Monitoring the changing climate – Rowing PEI 

By Nancy Russell

Coaches and rowers with Rowing PEI have seen the changing weather conditions firsthand in recent years, with more wind and storms, including tropical storms such as Arthur (July 2014), Dorian (September 2019), Teddy (September 2020)  and Elsa (July 2021).  Because we don’t have a clubhouse, we have to either move our boats off the dock, or secure them and hope they can ride out the storm. It’s a lot of work and hard on the nerves!!!

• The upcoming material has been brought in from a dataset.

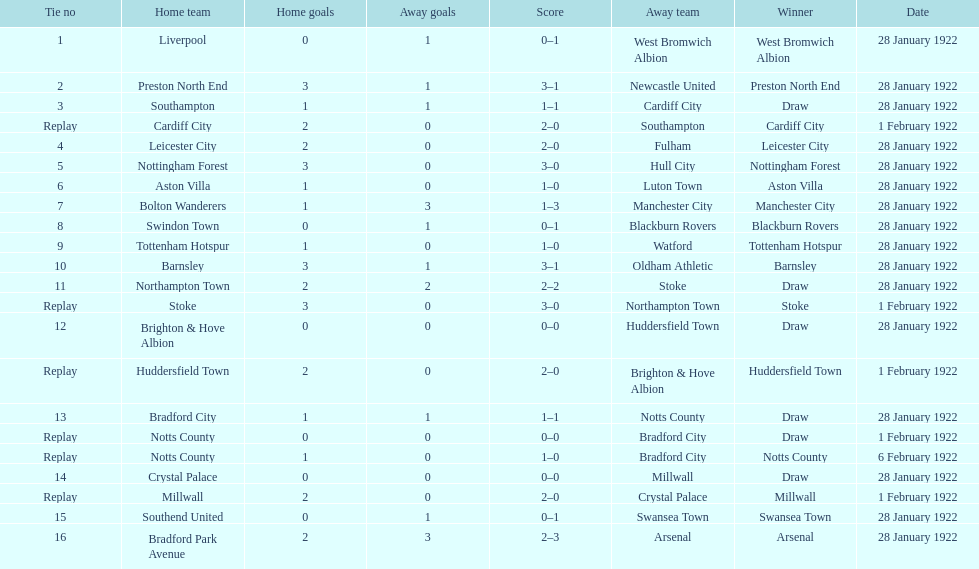How many games had four total points scored or more? 5.

The windier weather, even early in the morning, is also starting to limit our rowing time on the Charlottetown Harbour.  Even in coastal boats, the wind speeds are sometimes too high, especially for new rowers.  In 2021, we decided to move our flat water boats to a sheltered bay on P.E.I.’s north shore, in search of some calmer waters.  The rowers had to beach launch all summer, but at least they got some flatter water. 

We can definitely feel it getting windier, but now with help from the UPEI Climate Lab, we will be able to monitor what’s happening.

In July 2021, they installed a weather station, part of a network across the Island. It will collect historical data to track how conditions are changing, and also gives real-time wind speed, which is a game changer on a windy body of water!

We do encourage carpooling to our flat water training centre, which is about 20 minutes from Charlottetown.

The Charlottetown Yacht Club, which is our home base in Charlottetown, is also a member of Sailors for the Sea, which focuses on clean and environmentally friendly sailing.